(What to do):
Every record below should be retyped exactly, and no picture should appear in the copy.

(Working data):
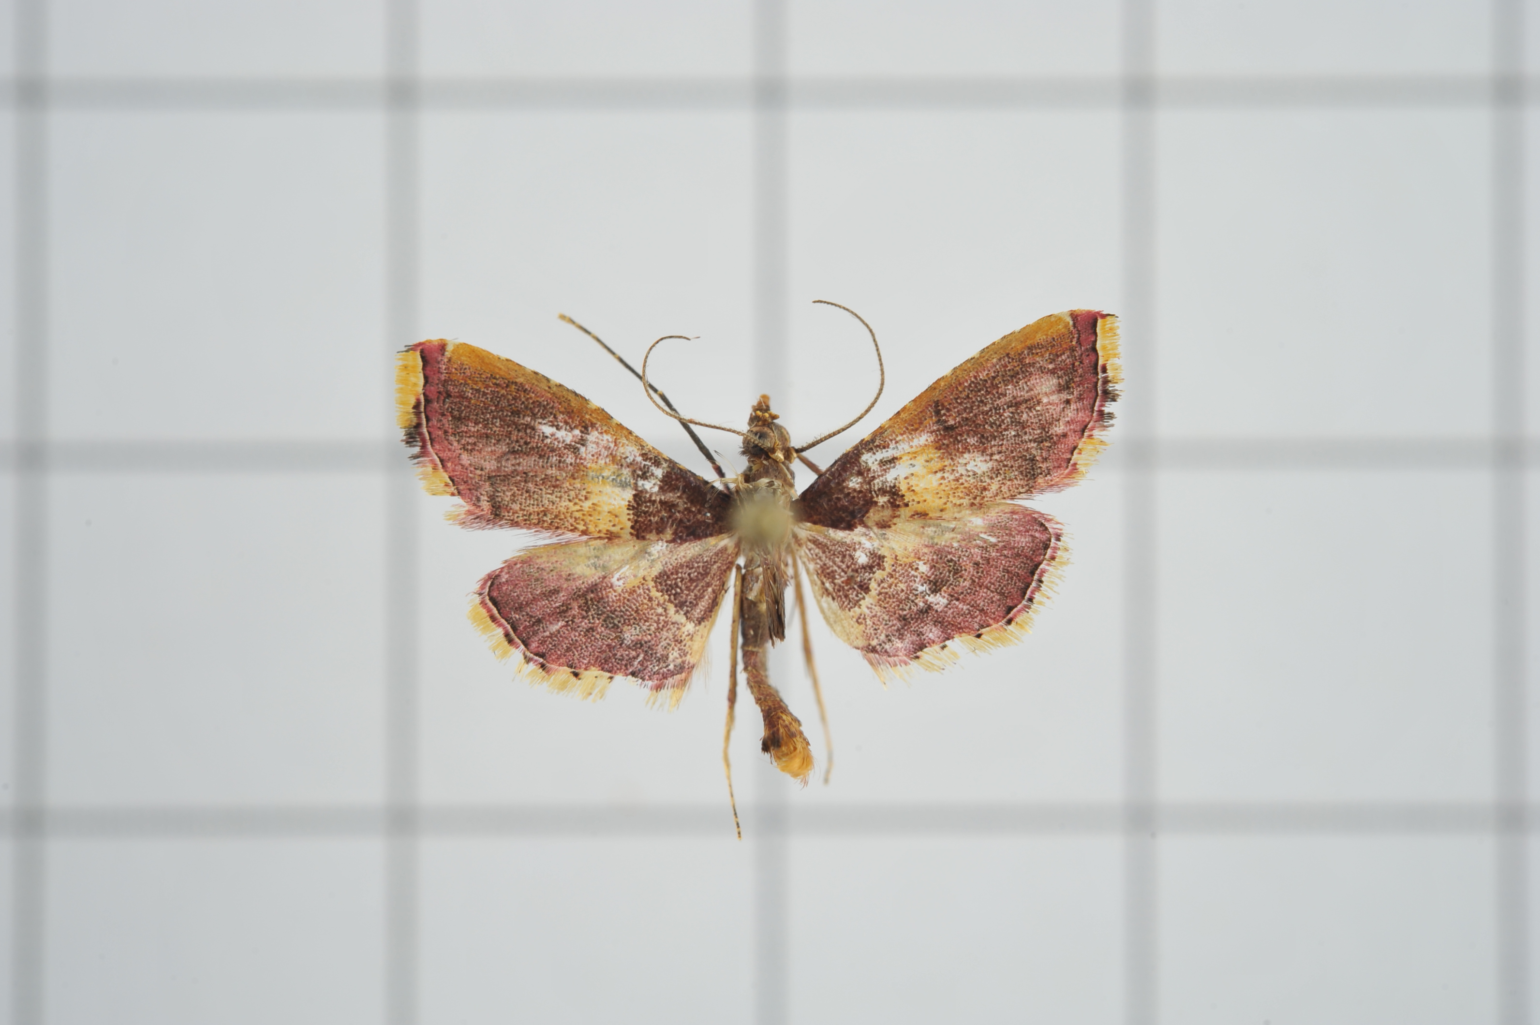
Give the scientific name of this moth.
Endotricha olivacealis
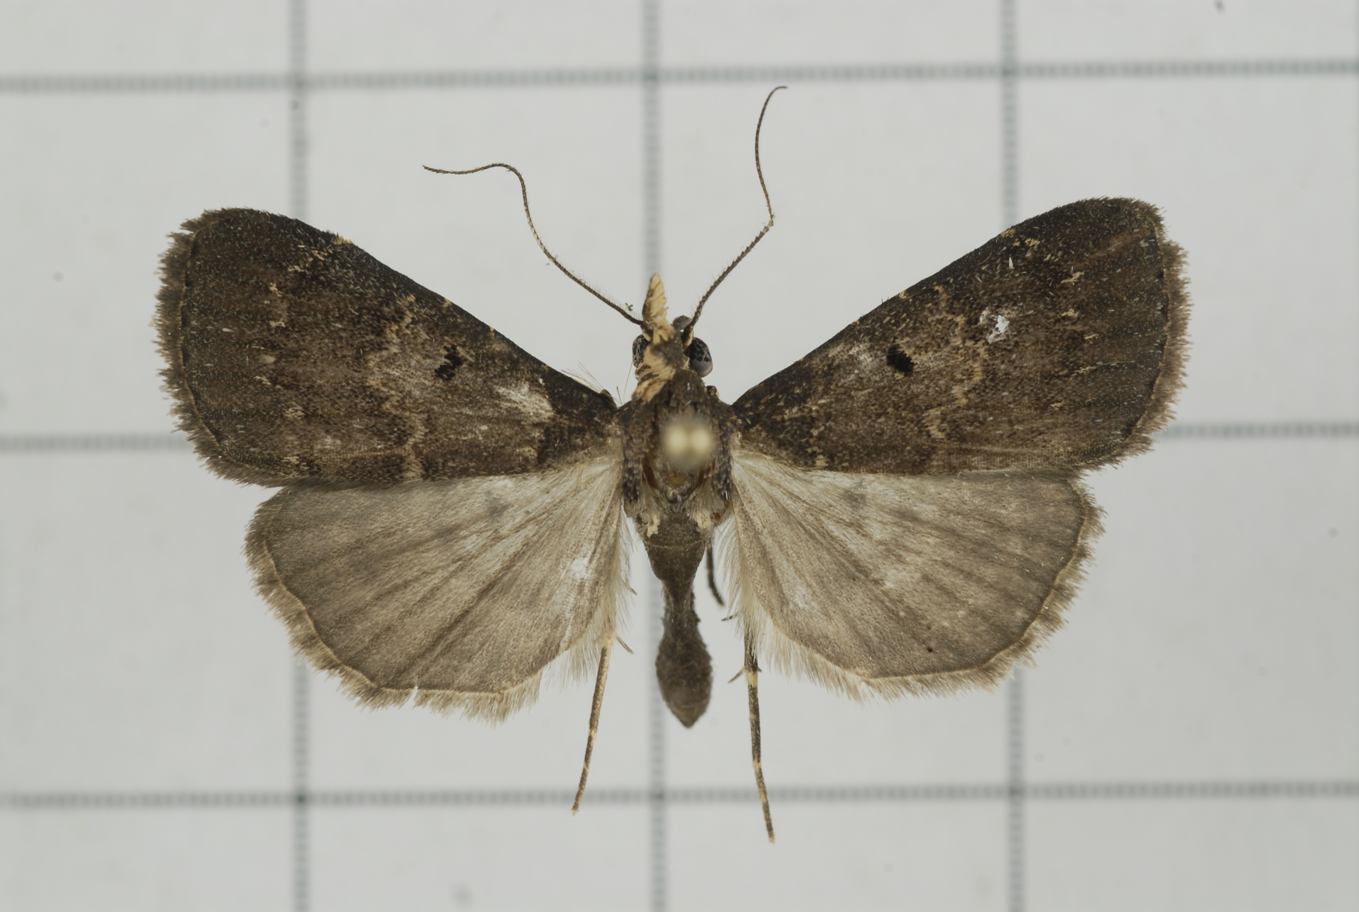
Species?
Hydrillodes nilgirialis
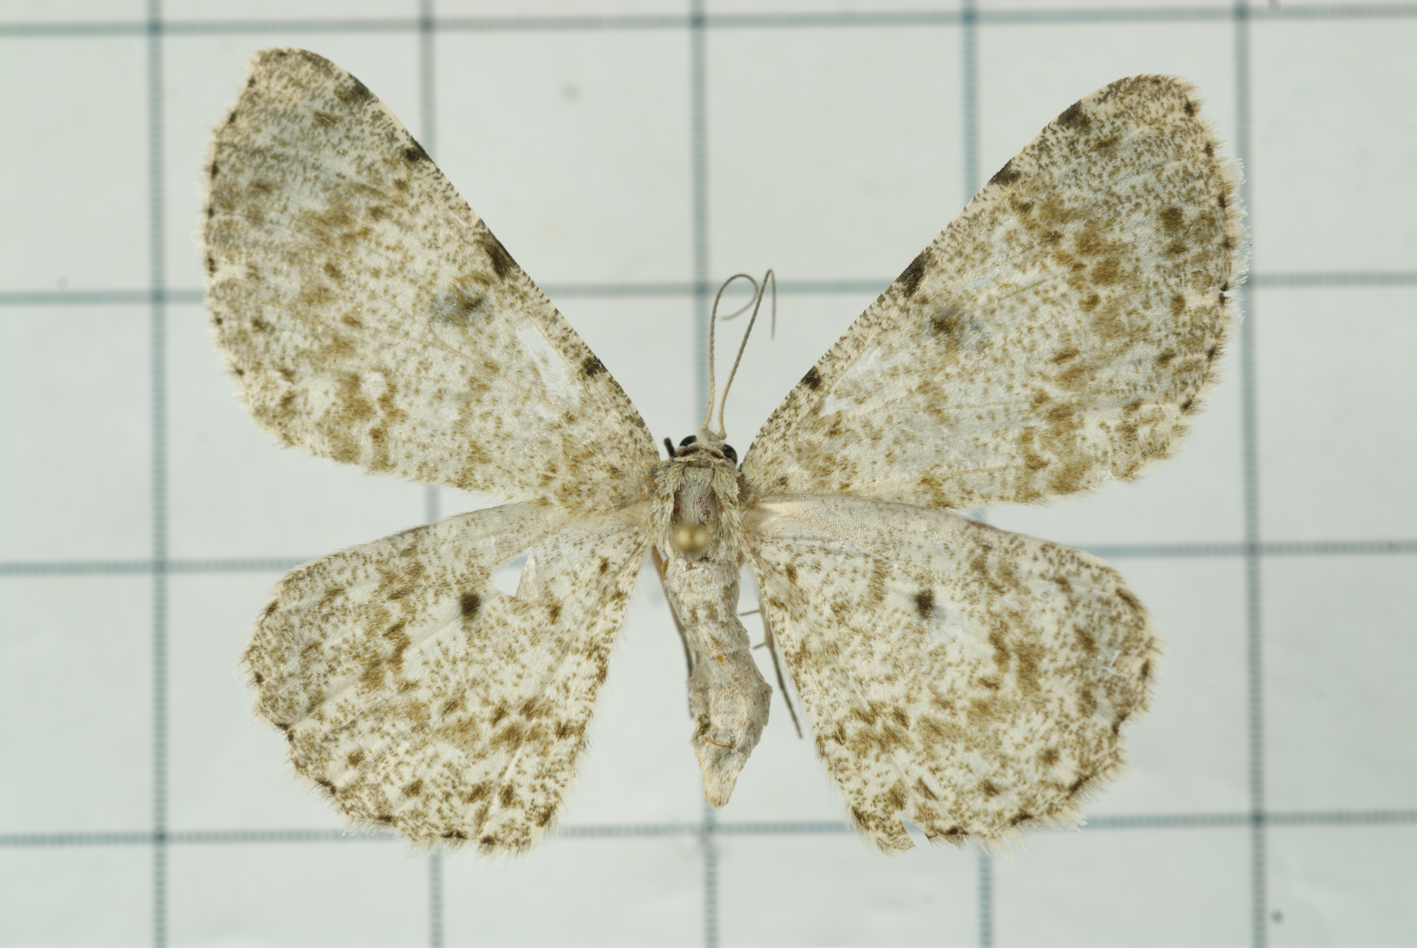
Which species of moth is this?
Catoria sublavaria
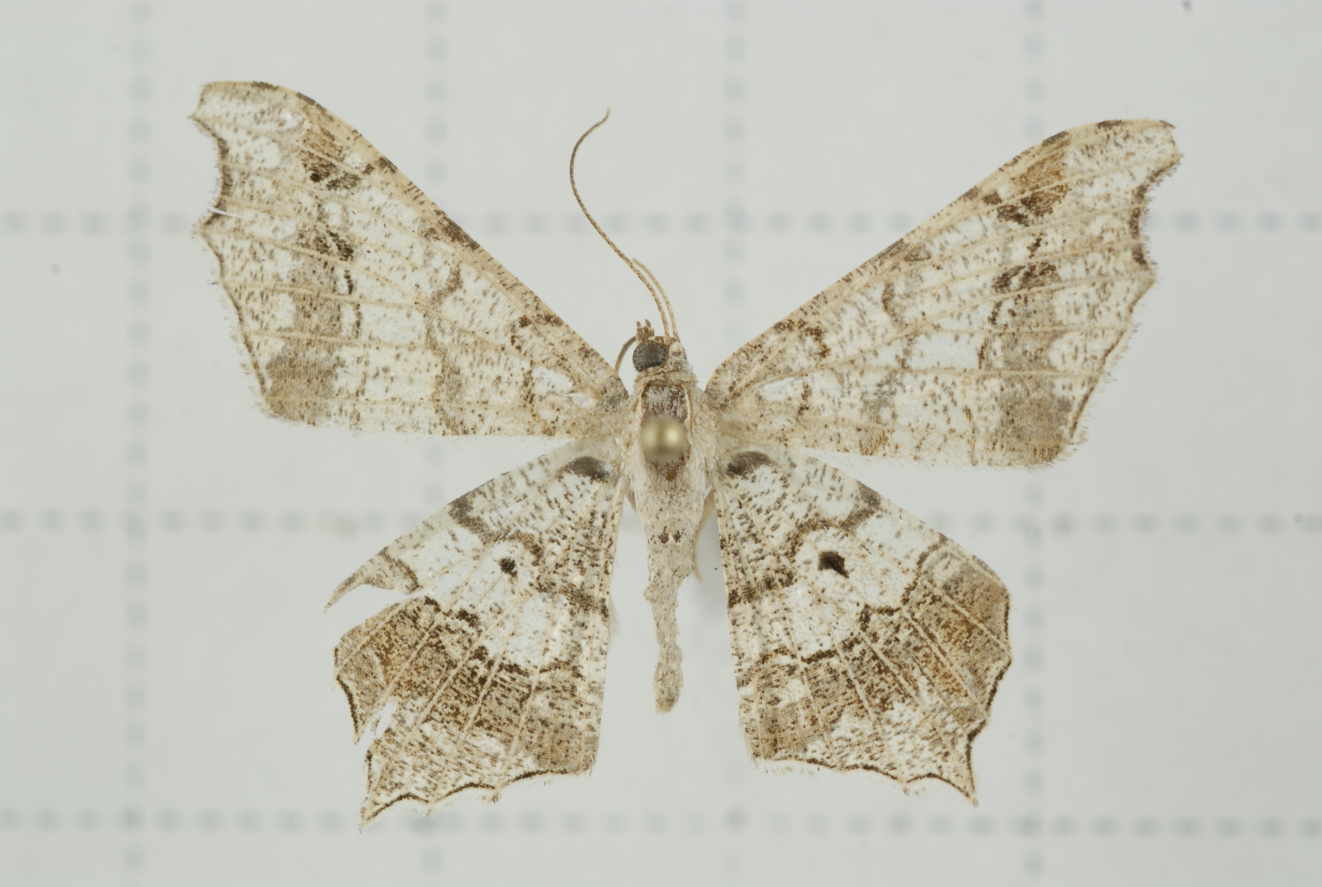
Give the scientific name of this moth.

(Answer to the exercise):
Give the scientific name of this moth.
Endotricha olivacealis
Species?
Hydrillodes nilgirialis
Which species of moth is this?
Catoria sublavaria
Give the scientific name of this moth.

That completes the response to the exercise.